Most SharePoint blogs tend to tell you cool stuff that the author did. Sometimes telling the dumb stuff is worthwhile too. I am in touch with my inner Homer Simpson, so I will tell you a quick story about one of my recent stupider moments…
This is a story about anchoring bias – an issue that many of us can get tripped up by. In case you are not aware, Anchoring is the tendency to be over-reliant on the some information (the “anchor”) when making subsequent decisions. Once an anchor is set in place, subsequent judgments are made by interpreting other information around the anchor.
So I had just used content deployment, in combination with some PowerShell, to push a SharePoint environment from the development environment to the test environment and it had all gone well. I ran through test cases and was satisfied that all was cool. Then another team member brought to my attention that search was not returning the same results in test as in development. I took a look and sure enough, one of the search scopes was reporting way less results than I was expecting. The issue was confined to one pages library in particular, and I accessed the library and confirmed that the pages had successfully migrated and were rendering fine.
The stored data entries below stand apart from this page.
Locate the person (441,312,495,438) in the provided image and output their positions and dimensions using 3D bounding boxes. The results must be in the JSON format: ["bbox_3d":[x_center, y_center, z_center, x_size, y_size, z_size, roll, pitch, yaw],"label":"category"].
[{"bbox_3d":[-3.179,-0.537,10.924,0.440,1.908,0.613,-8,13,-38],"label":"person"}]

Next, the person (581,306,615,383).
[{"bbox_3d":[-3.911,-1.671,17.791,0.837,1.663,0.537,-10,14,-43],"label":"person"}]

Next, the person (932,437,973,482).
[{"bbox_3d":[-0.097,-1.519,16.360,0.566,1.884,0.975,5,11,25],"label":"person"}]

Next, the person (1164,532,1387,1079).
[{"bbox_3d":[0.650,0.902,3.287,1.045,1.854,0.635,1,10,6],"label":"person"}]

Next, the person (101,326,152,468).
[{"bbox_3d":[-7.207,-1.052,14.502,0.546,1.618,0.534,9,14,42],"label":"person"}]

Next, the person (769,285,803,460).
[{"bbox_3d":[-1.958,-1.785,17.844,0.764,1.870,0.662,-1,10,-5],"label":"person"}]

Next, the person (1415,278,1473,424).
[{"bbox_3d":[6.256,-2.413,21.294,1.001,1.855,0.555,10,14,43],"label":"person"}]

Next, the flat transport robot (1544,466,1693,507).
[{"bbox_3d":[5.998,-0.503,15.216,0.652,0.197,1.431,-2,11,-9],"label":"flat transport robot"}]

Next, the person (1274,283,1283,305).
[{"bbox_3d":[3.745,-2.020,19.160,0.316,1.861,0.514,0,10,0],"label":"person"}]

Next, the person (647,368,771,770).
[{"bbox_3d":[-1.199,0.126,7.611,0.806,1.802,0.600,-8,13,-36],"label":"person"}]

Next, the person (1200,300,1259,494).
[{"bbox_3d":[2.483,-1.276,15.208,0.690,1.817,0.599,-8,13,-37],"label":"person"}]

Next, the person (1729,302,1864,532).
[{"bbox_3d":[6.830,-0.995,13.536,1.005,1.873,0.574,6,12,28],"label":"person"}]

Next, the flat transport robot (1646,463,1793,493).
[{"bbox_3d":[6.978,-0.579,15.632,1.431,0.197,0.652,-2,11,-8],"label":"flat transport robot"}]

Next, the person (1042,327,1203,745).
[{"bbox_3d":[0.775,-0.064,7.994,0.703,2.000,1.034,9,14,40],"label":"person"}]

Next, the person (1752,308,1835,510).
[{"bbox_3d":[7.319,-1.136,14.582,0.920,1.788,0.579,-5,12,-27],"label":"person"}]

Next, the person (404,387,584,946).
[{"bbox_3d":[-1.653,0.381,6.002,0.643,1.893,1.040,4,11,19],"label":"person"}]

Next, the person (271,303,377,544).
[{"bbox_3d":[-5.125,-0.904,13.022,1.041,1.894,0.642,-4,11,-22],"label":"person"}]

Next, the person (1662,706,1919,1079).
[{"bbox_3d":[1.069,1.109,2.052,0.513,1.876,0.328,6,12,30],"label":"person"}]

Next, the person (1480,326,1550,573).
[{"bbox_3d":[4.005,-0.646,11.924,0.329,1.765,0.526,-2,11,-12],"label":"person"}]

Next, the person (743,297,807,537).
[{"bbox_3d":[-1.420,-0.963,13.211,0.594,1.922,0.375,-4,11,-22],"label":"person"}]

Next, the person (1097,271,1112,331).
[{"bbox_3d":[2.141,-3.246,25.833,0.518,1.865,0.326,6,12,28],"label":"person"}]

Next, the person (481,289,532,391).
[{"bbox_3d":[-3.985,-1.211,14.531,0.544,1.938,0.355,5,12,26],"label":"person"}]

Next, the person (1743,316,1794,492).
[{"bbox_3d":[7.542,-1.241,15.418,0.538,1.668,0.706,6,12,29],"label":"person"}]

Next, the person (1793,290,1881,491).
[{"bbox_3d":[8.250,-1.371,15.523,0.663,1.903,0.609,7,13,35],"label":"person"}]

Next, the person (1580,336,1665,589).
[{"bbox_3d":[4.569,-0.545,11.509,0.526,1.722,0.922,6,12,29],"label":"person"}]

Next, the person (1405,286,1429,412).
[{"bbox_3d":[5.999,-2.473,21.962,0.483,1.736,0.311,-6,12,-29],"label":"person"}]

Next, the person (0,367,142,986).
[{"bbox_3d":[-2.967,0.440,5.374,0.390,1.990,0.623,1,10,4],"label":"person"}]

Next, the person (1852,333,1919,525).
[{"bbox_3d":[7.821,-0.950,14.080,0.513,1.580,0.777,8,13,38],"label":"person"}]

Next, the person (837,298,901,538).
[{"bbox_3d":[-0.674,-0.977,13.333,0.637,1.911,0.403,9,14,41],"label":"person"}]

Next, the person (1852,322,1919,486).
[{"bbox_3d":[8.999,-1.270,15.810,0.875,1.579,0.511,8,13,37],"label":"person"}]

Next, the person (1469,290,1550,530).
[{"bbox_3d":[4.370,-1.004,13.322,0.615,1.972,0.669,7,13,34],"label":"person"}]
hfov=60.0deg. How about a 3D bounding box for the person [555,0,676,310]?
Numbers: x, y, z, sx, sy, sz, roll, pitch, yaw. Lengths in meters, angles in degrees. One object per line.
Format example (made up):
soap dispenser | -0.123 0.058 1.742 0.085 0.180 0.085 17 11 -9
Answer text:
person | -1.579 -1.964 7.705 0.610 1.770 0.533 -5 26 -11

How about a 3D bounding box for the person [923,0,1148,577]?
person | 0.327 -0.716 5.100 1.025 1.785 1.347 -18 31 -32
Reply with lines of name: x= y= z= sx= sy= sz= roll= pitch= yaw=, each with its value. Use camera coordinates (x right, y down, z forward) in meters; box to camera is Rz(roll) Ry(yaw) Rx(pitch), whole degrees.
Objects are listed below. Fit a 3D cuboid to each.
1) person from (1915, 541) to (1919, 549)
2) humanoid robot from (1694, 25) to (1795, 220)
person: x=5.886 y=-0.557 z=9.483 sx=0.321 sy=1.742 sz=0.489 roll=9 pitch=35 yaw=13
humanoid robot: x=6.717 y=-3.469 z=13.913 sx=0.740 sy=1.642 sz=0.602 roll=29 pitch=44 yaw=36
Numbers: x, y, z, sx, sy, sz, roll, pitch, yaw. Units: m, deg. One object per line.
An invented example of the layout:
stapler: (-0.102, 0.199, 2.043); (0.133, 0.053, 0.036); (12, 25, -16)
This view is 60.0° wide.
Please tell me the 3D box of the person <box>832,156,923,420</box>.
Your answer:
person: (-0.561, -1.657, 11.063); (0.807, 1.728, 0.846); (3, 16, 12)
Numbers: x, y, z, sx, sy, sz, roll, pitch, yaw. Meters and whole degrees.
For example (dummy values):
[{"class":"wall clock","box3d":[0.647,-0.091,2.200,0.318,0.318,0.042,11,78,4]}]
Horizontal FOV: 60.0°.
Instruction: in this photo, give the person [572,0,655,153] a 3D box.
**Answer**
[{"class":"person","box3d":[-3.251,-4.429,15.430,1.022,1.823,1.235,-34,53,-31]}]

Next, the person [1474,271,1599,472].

Now I had used a PowerShell script to export the exclusions, crawled/managed properties and best bets of the development farm search application, subsequently import into test. So given the reported issue was via search results, the anchor was well and truly set. The issue had to be search right? Maybe the script had a fault?
So as one would do, I checked the crawl logs and confirmed that some items in the affected library were being crawled OK. I then double checked the web app policy for the search crawl account and made sure it had the appropriate permissions. it was good. I removed the crawl exclusions just in case they were excluding more than what they reported to be and I also I removed any proxy configuration from the search crawl account as I have seen proxy issues with crawling before.
I re-crawled and the problem persisted… hmm
I logged into the affected site as the crawl account itself and examined this problematic library. I immediately noticed that I could not see a particular folder where significant content resided. This accounted for the search discrepancy, but checking permissions confirmed that this was not an issue. The library inherited its permissions. So I created another view on the library that was set to not show folders, and when I checked that view, I could see all the affected files and their state was set to “Approved”. Damn! This really threw me. Why the hell would search account not see a folder but see the files within it when I changed the view not to include folders?
Still well and truly affected by my anchoring bias towards search, I started to consider possibilities that defied rational logic in hindsight. I wondered if there was some weird issue with the crawl account, so I had another search crawl account created and retested the issue and still the problem persisted. Then I temporarily granted the search account site owner permission and was finally able to view the missing folder content when browsing to it, but I then attempted a full crawl and the results stubbornly refused to appear. I even reset the index in desperation.
Finally, I showed the behaviour of the library to a colleague, and he said “the folder is not approved”. (Massive clunk as the penny drops for me). Shit – how can I be so stupid?
For whatever reason, the folder in question was not approved, but the files were. The crawler was dutifully doing precisely what it was configured to do for an account that has read permission to the site. When I turned on the “no folder” view, of course I saw the files inside the folder because they were approved. Argh! So bloody obvious when you think about it. Approving the folder and running a crawl immediately made the problem go away.
What really bruised my tech guy ego even more was that I have previously sorted out this exact issue for others – many times in fact! Everybody knows that when content is visible for one party and not others, its usually approvals or publishing. So the fact that I got duped by the same issue I have frequently advised on was a bit deflating… except that this all happened on a Friday and as all geeks know, solving a problem on a Friday always trumps tech guy ego.
Thanks for reading